Here's a good review from Amazon - explains it far better than me!
"The Shadow of the Wind is a novel about books; about the love of books and of stories, (and is far more accessible than Eco's The Name of the Rose). It is absolutely full of stories itself, with not a single character without one. Not all, of course, are told. For this is the story of Daniel Sempere, a young Spanish boy, growing up in Barcelona just after the end of the Civil War.
One day, ten-year-old is taken by his father, a bookseller, to the "Cemetery Of Forgotten Books", a hidden library where forgotten titles are lovingly preserved on a labyrinth of shelves. Daniel is told that he must keep this place a secret, but that he's allowed to take one book - any book - from the shelves, and protect it for life. He selects "The Shadow of the Wind" by Julian Carax. That night he reads the book and is spellbound from the first page.
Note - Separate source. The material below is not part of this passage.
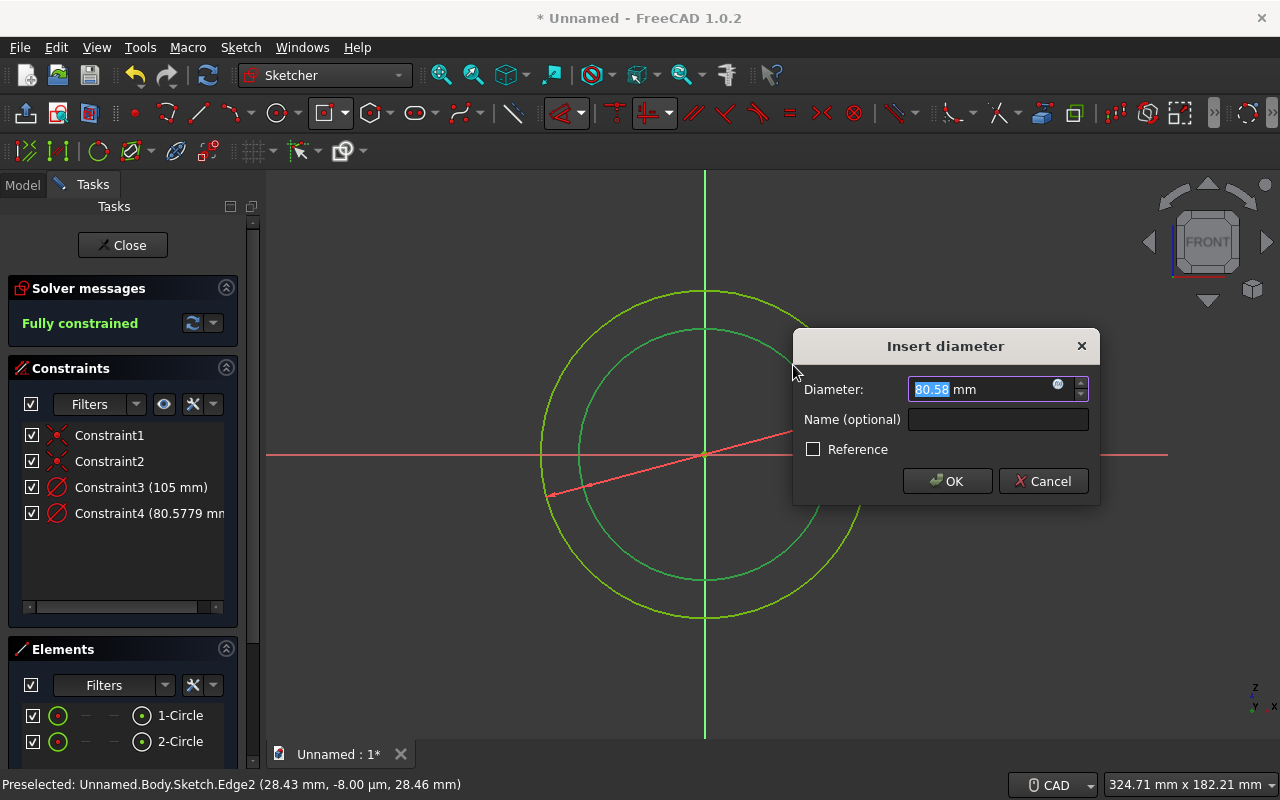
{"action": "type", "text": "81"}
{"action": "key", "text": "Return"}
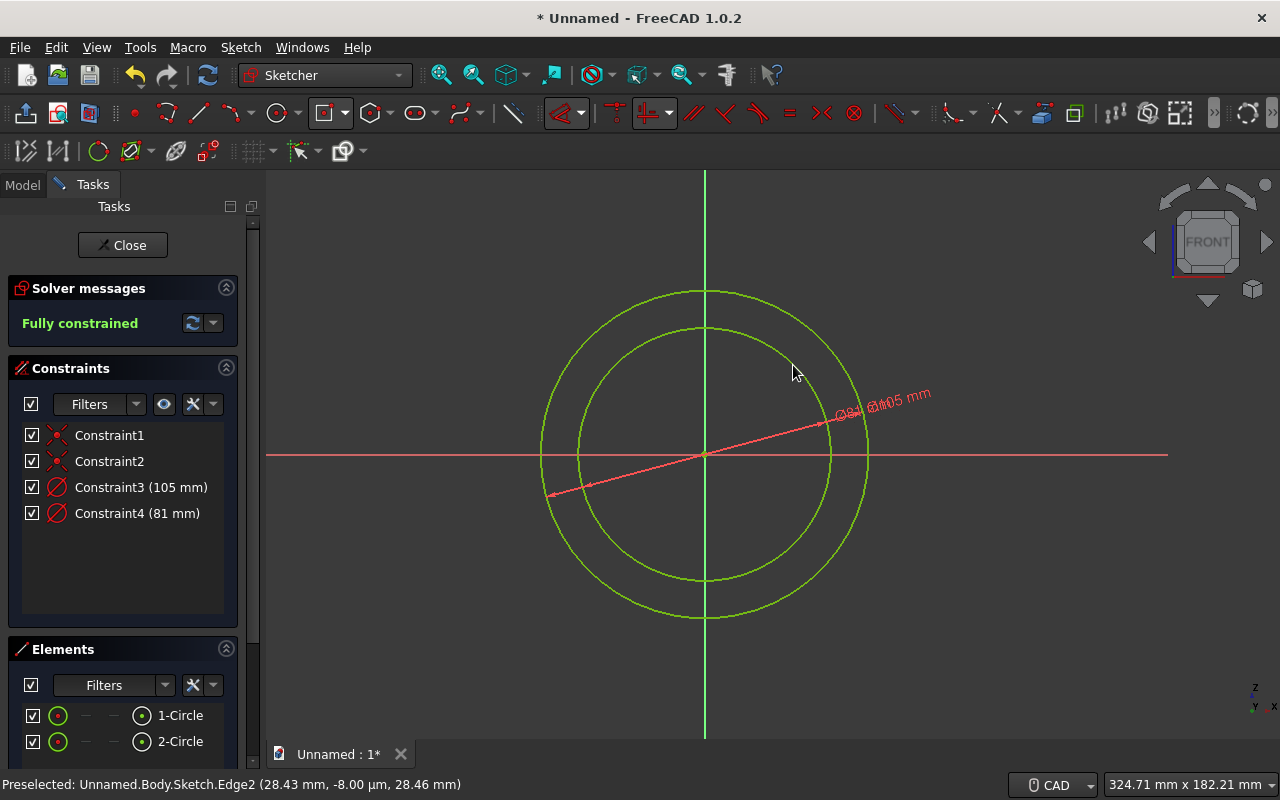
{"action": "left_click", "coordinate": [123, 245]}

Daniel then vows to seek out the rest of Carax's titles, but none can be found. Carax himself also remains a mystery. No one knows anything much about him, save for rumours that he disappeared following a duel in Paris's Pere Lachaise cemetery. Carax's only legacy is a mysterious figure who haunts the streets of Barcelona, who has been tracking down every last one of Carax's novels in order to burn them. Why would anyone want to remove all trace of the author's work? The mysterious man approaches Daniel, who refuses to give him the copy of The Shadow of the Wind - which he then hides back in the Cemetery of Forgotten books. As Daniel grows up he begins to investigate the history of Julian Carax, to discover the truth of his life and death. It's a quest that will bring him, and his friends, into grave danger.
It's a marvellous book, a wonderful, wonderful experience. It resonates with the love of books and of literature. It's also a very hard novel to pin down - it has elements of absolutely everything, a historical adventure story, a crime novel, hints of the supernatural, as well as a very tense thriller and an enchanting love story. It's superb, and every page a joy. There's magic, here, on every page. It's indefinable, but in lies in such lines as this: "He hardly slept, he explained, and would set himself up in the sitting room on a folding bed lent to him by his neighbour, Monsieur Darcieu - an old conjuror who read young ladies' palms in exchange for a kiss."
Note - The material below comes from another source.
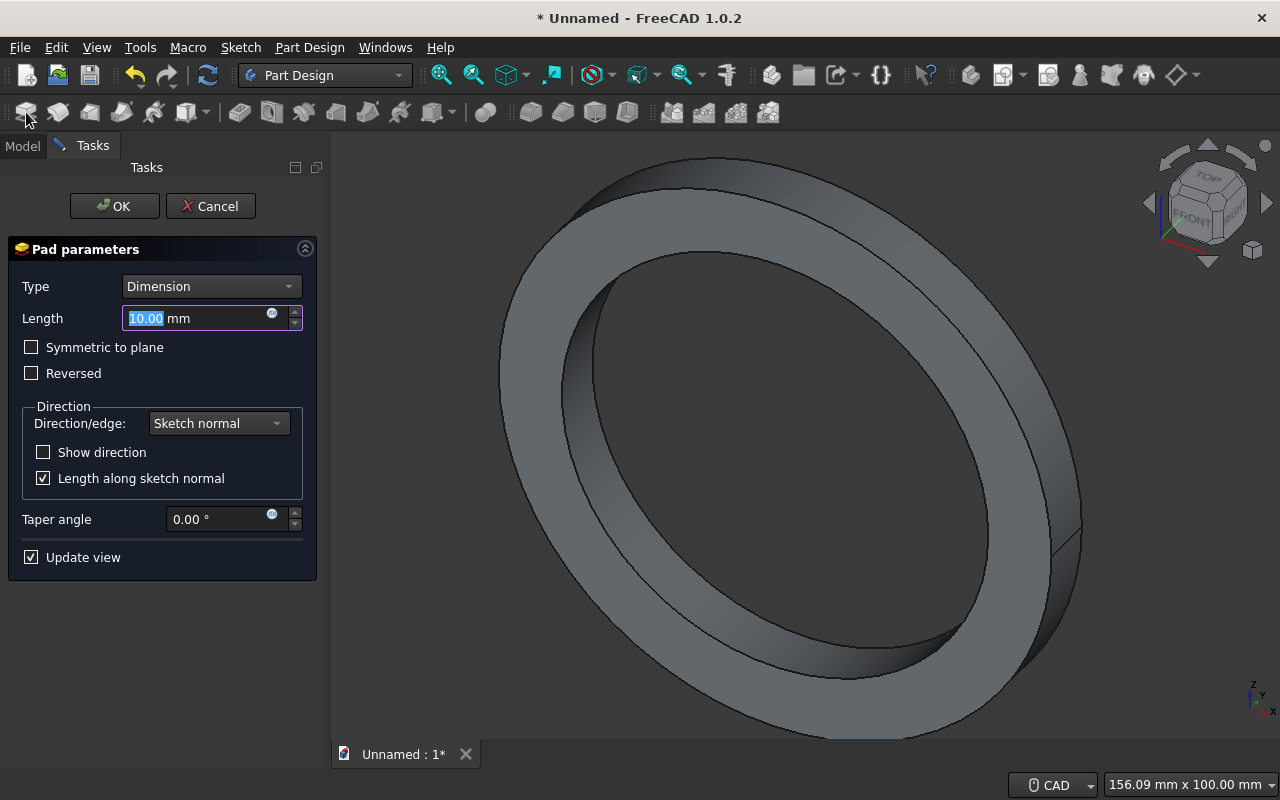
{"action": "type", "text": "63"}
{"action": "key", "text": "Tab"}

You can tell from even a brief synopsis that this is just a special, unique novel. It's full of mystery, and enchanting characters. The descriptions are wonderful, lush and delicious - although the author does tend to toss similes around like loose change, and they don't always correspond to one another. The language may also be too flamboyant for some, but in actual fact it just highlights where this novel springs from: a love of words and language. It's incredibly vivid (possibly due to the author's obsessions with colours), and pulses with life. Lucia Graves, the translator (very aptly, the daughter of Robert Graves), has done a very good job indeed. As something is always "lost in translation", this novel must be even better in the original Spanish, which I think probably has a lot more synonyms for "poison" and "poisonous" than does English, so many times do those two words crop up.
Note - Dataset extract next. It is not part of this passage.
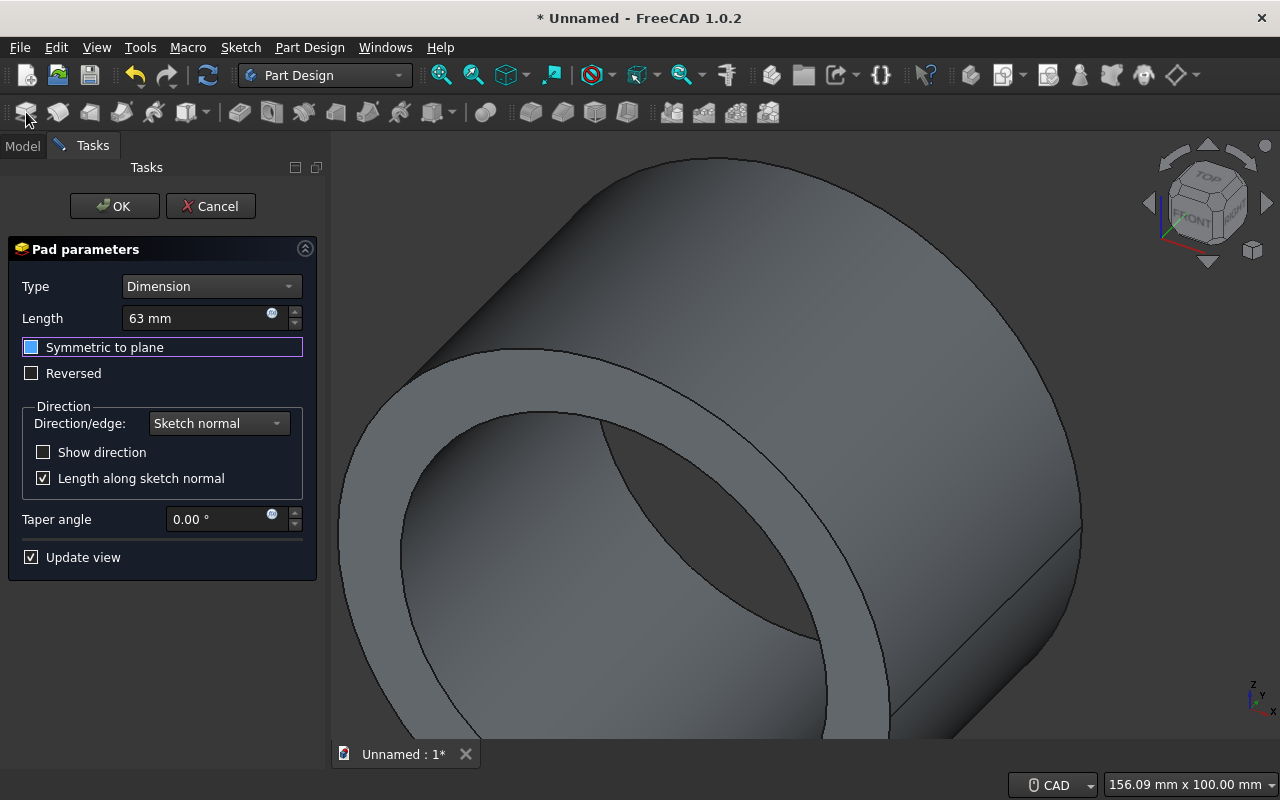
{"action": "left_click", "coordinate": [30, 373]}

It's all excellent. As you can see, it's not flawless, but it is just a pure pleasure to read, to be immersed in a story which itself sings the joys of stories. It also says something rather interesting about stories themselves: we the lives of Daniel and Julian mirror each other eerily across decades we get a sense that every story repeats itself in history at some time or another. Threads dance and connect them both across the years. Joy and misery (there's quite a great deal of lost love and loneliness, this novel being also a plea against both those things) spiral through the whole thing, and the end is wonderfully satisfying. I absolutely loved this book, as you can tell. Right now, I think the best novels around are coming out of Europe: the works of Henning Mankell, Donna Leon, Jose Carlos Somoza, Arnaldur Indridason, and Karin Fossum, for example. And Ruiz Zafon is now another name to add to that list. It's not a book without humour and wit, either, and there are some brilliant one-liners. A visit to a brothel is described thus: "A lineup of ladies with their virtue for rent - and a lot of mileage on the clock - greeted us with smiles that would only have excited a student of dentistry."